Endocrine Abstracts

A 32-year-old male of Lithuanian background presented to ED after a tonic-clonic seizure at work. There were no obvious precipitating factors, though he had started night shifts 6 months prior. Examination was significant for severe dental hypoplasia and abnormal facies. Biochemistry showed primary hypoparathyroidism: adjusted calcium mmol/L 1.47 (low), phosphate 1.30 mmol/L (high), magnesium 0.84 mmol/l, fT4 16.2 pmol/l, TSH 5.66 mU/L (high), PTH 1.4 pmol/l (low), vitamin D 22 nmol/L(low) Intracranial imaging showed grade I Chiari malformation (not felt to have contributed to seizures) Further history revealed recurrent childhood infections requiring hospitalisation, but no previous diagnosis of hypocalcaemia. He reported intermittent leg cramping in the weeks before presentation, but no paraesthesia. He was treated with IV calcium gluconate followed by oral calcium carbonate, high-dose cholecalciferol and alfacalcidol Bloods were sent for chromosomal analysis which revealed breakpoints within 22q11.2, with heterozygous deletion of approximately 2.2Mb of the DiGeorge/Velo-Cardio-Facial Syndrome Critical Region.

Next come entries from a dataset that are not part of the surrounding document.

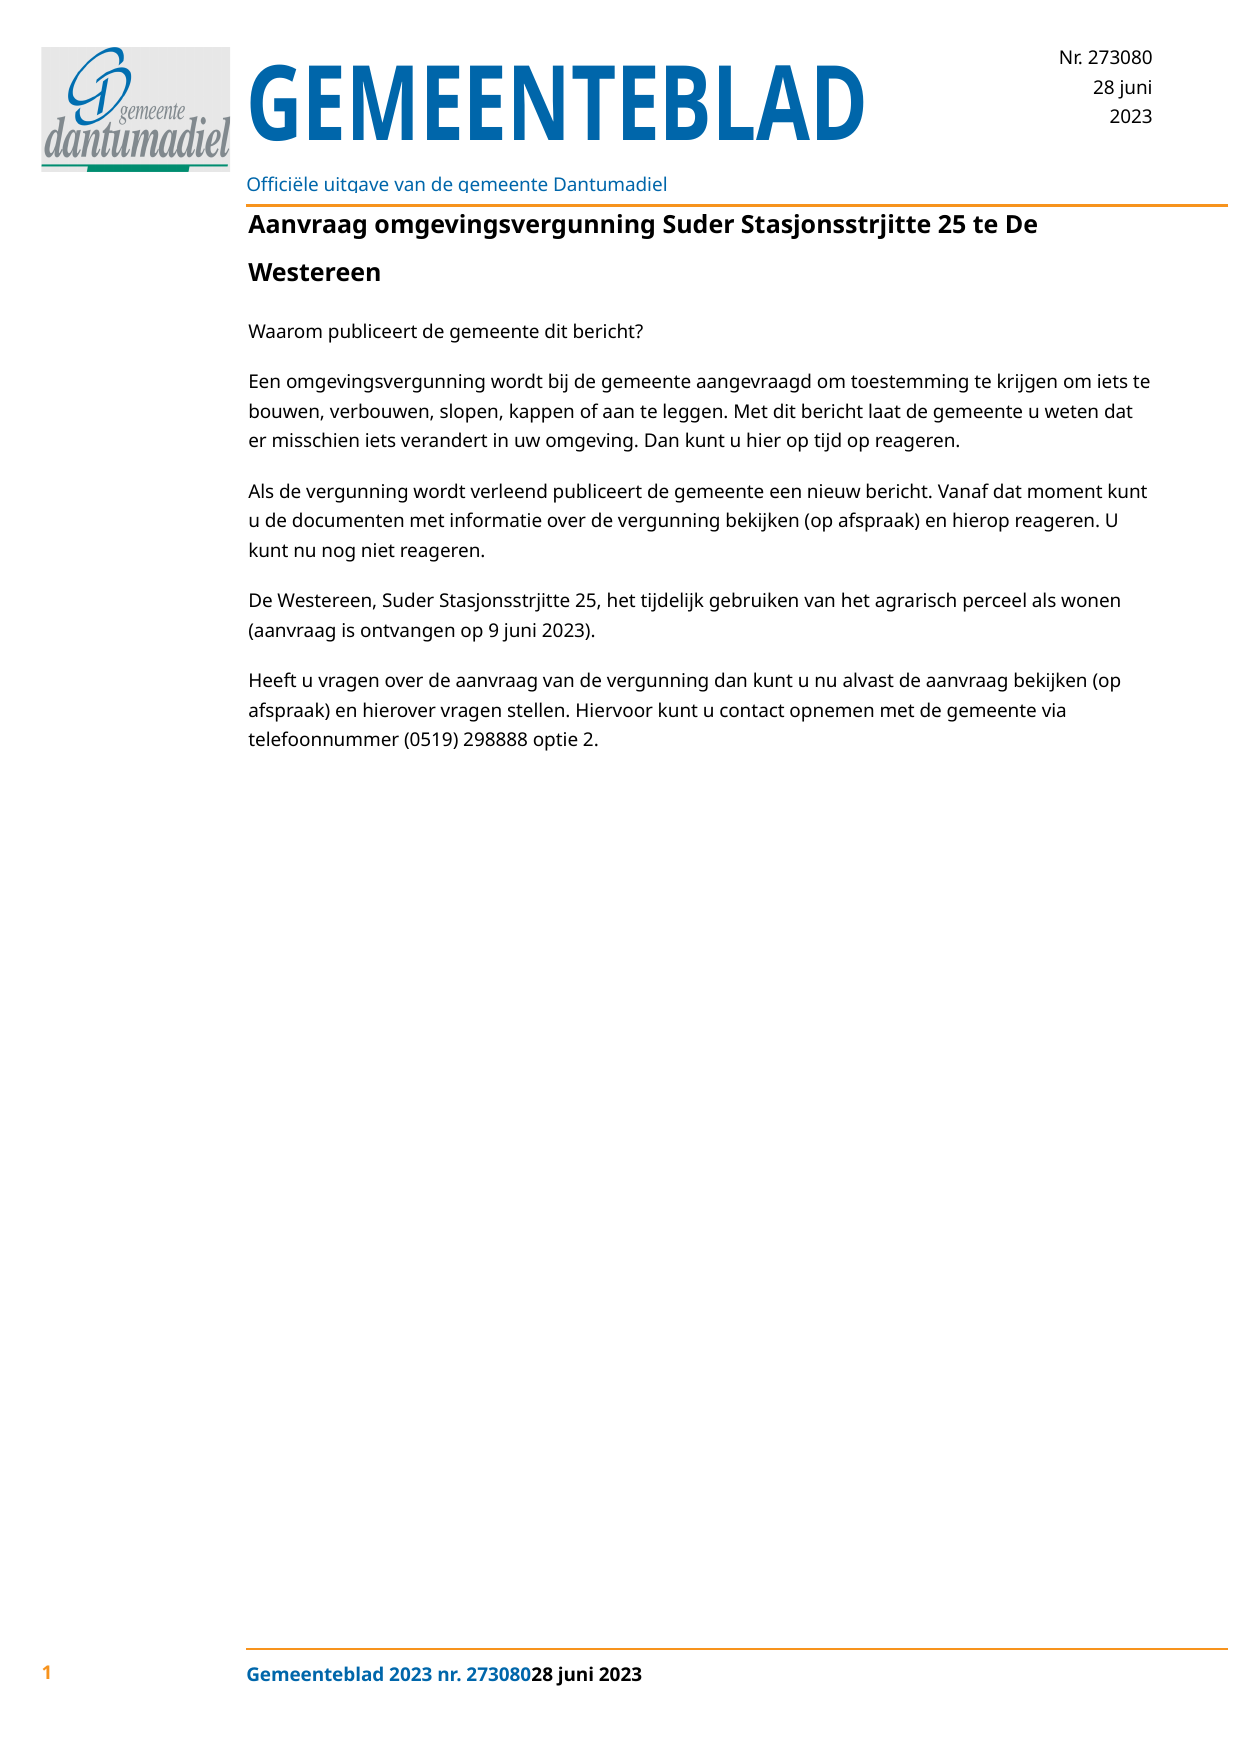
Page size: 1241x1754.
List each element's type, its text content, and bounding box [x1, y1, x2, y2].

text Aanvraag omgevingsvergunning Suder Stasjonsstrjitte 25 te De Westereen [248, 207, 1152, 288]
text Heeft u vragen over de aanvraag van de vergunning dan kunt u nu alvast de aanvraag bekijken (op afspraak) en hierover vragen stellen. Hiervoor kunt u contact opnemen met de gemeente via telefoonnummer (0519) 298888 optie 2. [248, 667, 1152, 752]
picture [41, 47, 231, 172]
text Als de vergunning wordt verleend publiceert de gemeente een nieuw bericht. Vanaf dat moment kunt u de documenten met informatie over de vergunning bekijken (op afspraak) en hierop reageren. U kunt nu nog niet reageren. [248, 478, 1152, 563]
text Een omgevingsvergunning wordt bij de gemeente aangevraagd om toestemming te krijgen om iets te bouwen, verbouwen, slopen, kappen of aan te leggen. Met dit bericht laat de gemeente u weten dat er misschien iets verandert in uw omgeving. Dan kunt u hier op tijd op reageren. [248, 368, 1152, 453]
text Waarom publiceert de gemeente dit bericht? [248, 318, 1152, 344]
text De Westereen, Suder Stasjonsstrjitte 25, het tijdelijk gebruiken van het agrarisch perceel als wonen (aanvraag is ontvangen op 9 juni 2023). [248, 587, 1152, 643]
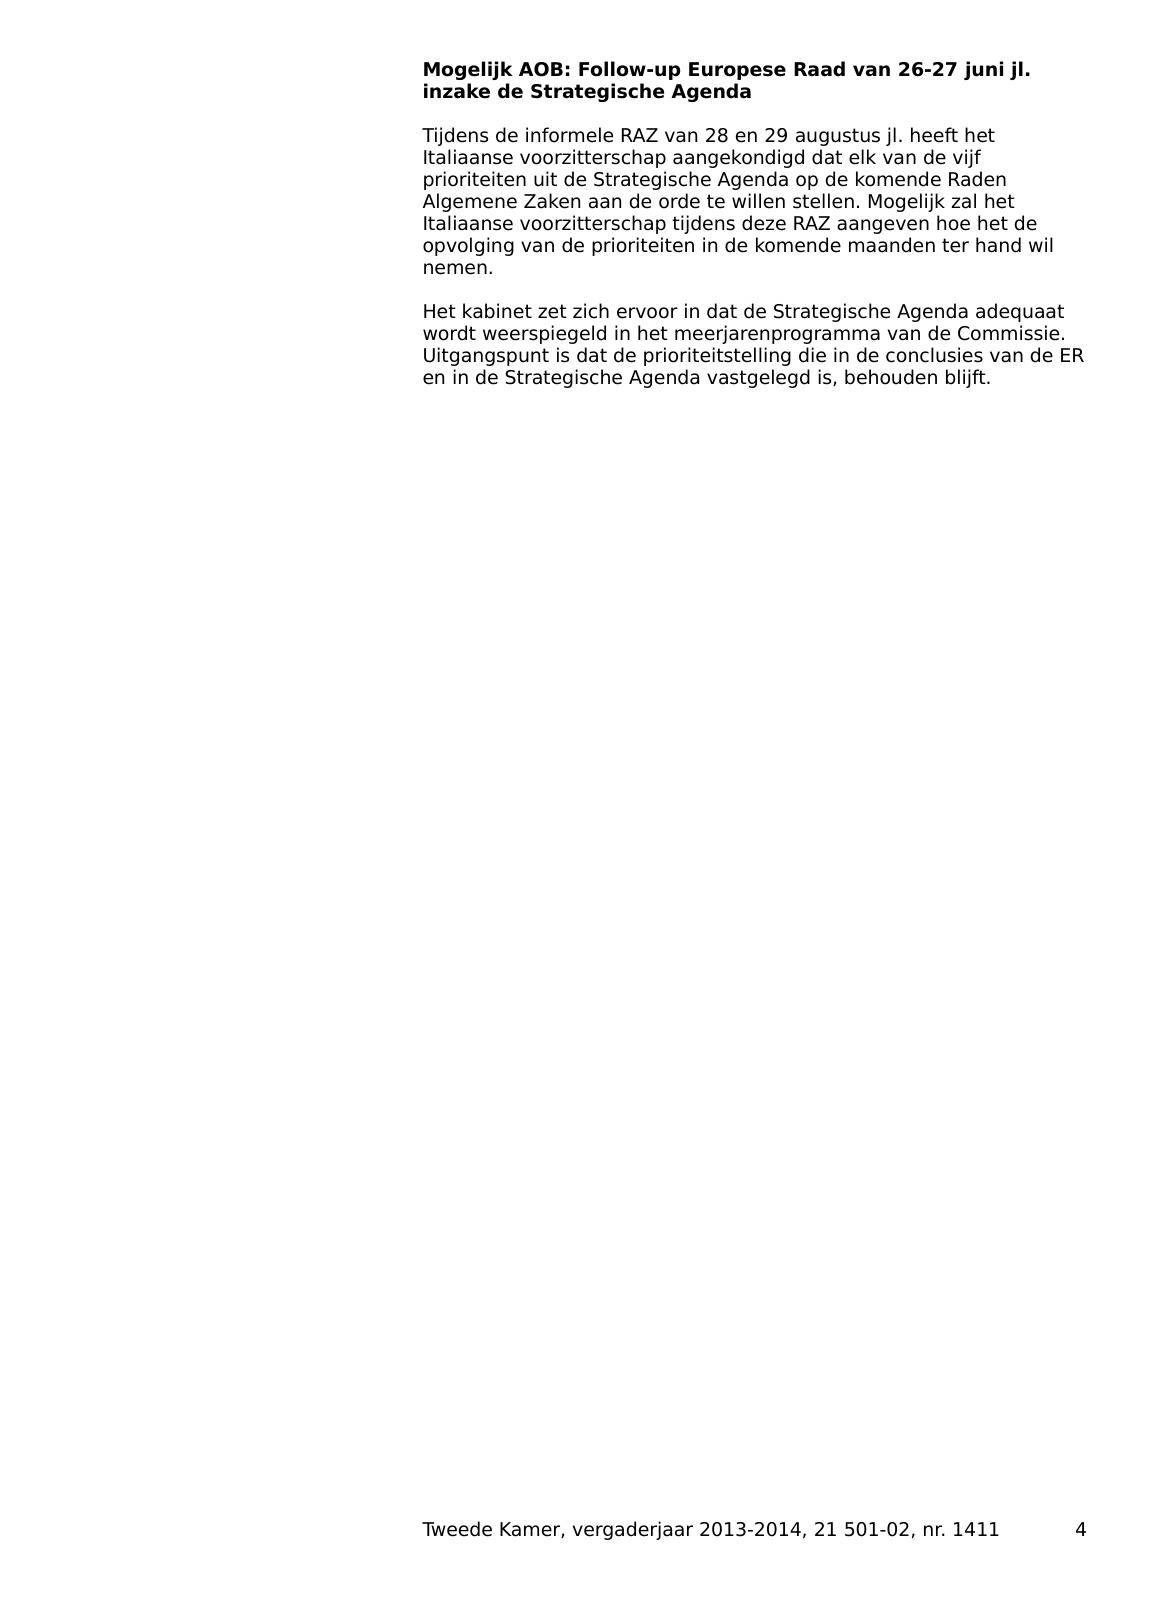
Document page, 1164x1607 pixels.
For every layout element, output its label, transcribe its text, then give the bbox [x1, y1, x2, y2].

text Het kabinet zet zich ervoor in dat de Strategische Agenda adequaat wordt weerspiegeld in het meerjarenprogramma van de Commissie. Uitgangspunt is dat de prioriteitstelling die in de conclusies van de ER en in de Strategische Agenda vastgelegd is, behouden blijft. [422, 301, 1087, 389]
text Tijdens de informele RAZ van 28 en 29 augustus jl. heeft het Italiaanse voorzitterschap aangekondigd dat elk van de vijf prioriteiten uit de Strategische Agenda op de komende Raden Algemene Zaken aan de orde te willen stellen. Mogelijk zal het Italiaanse voorzitterschap tijdens deze RAZ aangeven hoe het de opvolging van de prioriteiten in de komende maanden ter hand wil nemen. [422, 125, 1087, 279]
subtitle Mogelijk AOB: Follow-up Europese Raad van 26-27 juni jl. inzake de Strategische Agenda [422, 59, 1087, 103]

Learning points: 1. Patients with hypocalcaemia and dysmorphic features should have a chromosomal microarray analysis requested rather than the R153 hypoparathyroid gene panel, which only screens for single gene mutations; otherwise this diagnosis would have been missed.

2. This is a rare late presentation of DiGeorge’ syndrome, most affected individuals will either develop hypocalcaemia during the neonatal period or be diagnosed during childhood due to developmental delay; late presentation of hypocalcaemia is unusual due to presumed compensatory hyperplasia of existing parathyroid tissue. Hypocalcaemia can be precipitated in adults during periods of stress.

3. The estimated prevalence of DiGeorge is 1/3000 – 1/6000 live births, but the number may be higher due to the condition’s variability, and lack of neonatal screening.

4. The diagnosis should be made due to the necessity of screening for other syndromic sequalae which will be discussed.